##### RECORDS TO PROCESS #####

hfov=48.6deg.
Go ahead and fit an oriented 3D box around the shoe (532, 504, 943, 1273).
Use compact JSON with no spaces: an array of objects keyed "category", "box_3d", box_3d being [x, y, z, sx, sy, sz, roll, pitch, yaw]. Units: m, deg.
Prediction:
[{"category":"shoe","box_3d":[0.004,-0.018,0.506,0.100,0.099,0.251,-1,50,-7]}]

#####

ACTIVITY: Transcribe all of the data exactly, leaving no line out.

RESPONSE:
hfov=48.6deg.
Go ahead and fit an oriented 3D box around the shoe (532, 504, 943, 1273).
Use compact JSON with no spaces: an array of objects keyed "category", "box_3d", box_3d being [x, y, z, sx, sy, sz, roll, pitch, yaw]. Units: m, deg.
Prediction:
[{"category":"shoe","box_3d":[0.004,-0.018,0.506,0.100,0.099,0.251,-1,50,-7]}]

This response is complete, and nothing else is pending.